There's a huge research effort for this. And while it's true that Turing, after the war, got involved in a project in the UK to develop an electronic computer, this was one of at least a half dozen ongoing projects, many of which finished sooner. I think the ENIAC at Penn, for example, there was a von Neumann's project at Princeton.

There was a project going on at Harvard. A lot of people were working on this problem. They didn't need Turing to do it. The final thing people point to is they saw that movie about whatever it was called, the Imitation Game. And like, well, didn't he invent these sort of computing machines to break the Enigma code?

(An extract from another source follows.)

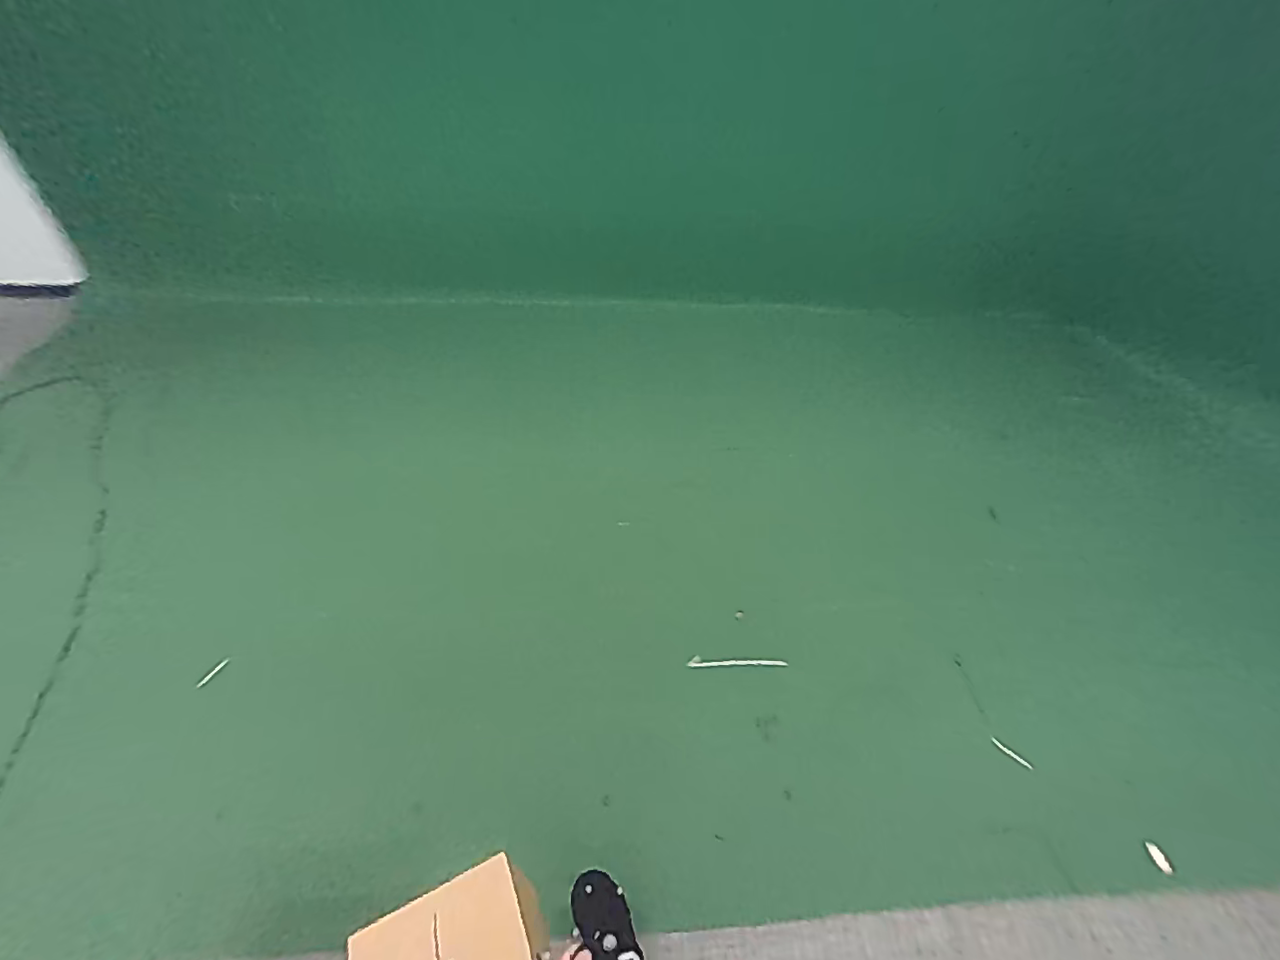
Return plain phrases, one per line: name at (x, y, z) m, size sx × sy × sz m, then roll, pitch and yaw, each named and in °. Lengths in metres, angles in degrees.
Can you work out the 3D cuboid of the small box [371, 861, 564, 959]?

No, those were developed by the Poles. The Polish code breakers developed those. Turing was just building a more advanced version of those machines. They had more funding. So they used the initial work that the Poles had put into breaking the Enigma and then they expanded it. I love Turing, but he didn't invent the computer.

So who would I go back and rub out if I was trying to delay the computer? I would say Claude Shannon in the early 1930s. Claude Shannon in the early 1930s wrote the most important master thesis that anyone has ever written before. It was called A Symbolic Analysis of Relay and Switching Circuits.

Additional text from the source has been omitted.